German Paul Biedermann rocked the swimming world yesterday when he beat Michael Phelps in the 200-meter freestyle with a time of 1 minute 42 seconds, 0.89 under Phelps' world record. He beat Phelps by 1.22 yesterday. But the big focus wasn't on Biedermann, who had earlier broken a seven-year-old record by 0.01 of a second, but his swimsuit. Biedermann even acknowledged that he was helped by his speedsuit but said it wasn't his problem because the sport's governing body, FINA, had allowed it. FINA has been working on implementing guidelines but yesterday said they may not go into effect until next spring.

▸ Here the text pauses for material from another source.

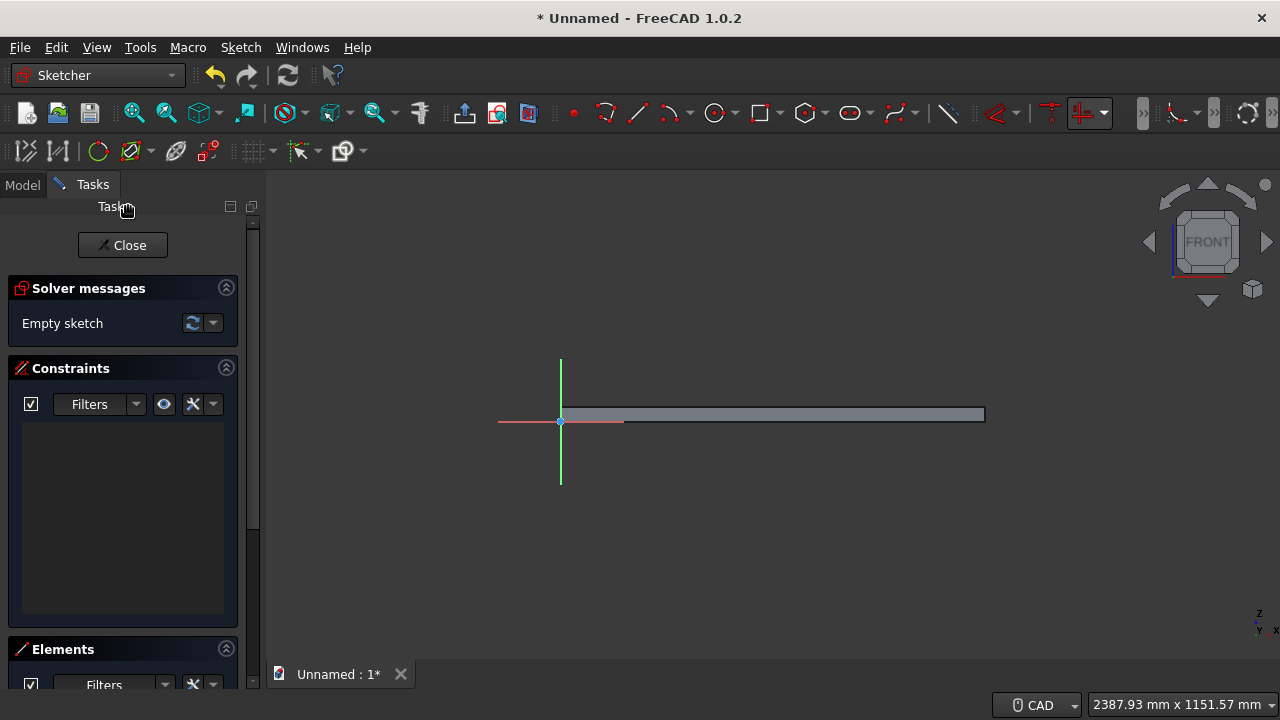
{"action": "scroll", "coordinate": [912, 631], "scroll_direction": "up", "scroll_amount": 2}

Phelps' coach, Bob Bowman, practically went ballistic and threw a diva-sized rant. "Well, then, they can probably expect Michael not to swim until they've implemented it," he said. "The sport is in shambles right now, and they better do something or they're going to lose their guy who fills these seats."

The NYT reports that a carbonated drink based on the series True Blood will go on sale in September. Omni Consumer Products reached a deal with HBO to produce Tru Blood, the drink that allows vampires to survive without having to munch on humans. The bottle would be similar to the one in the show and the drink would have "a crisp, slightly tart and light sweet tang."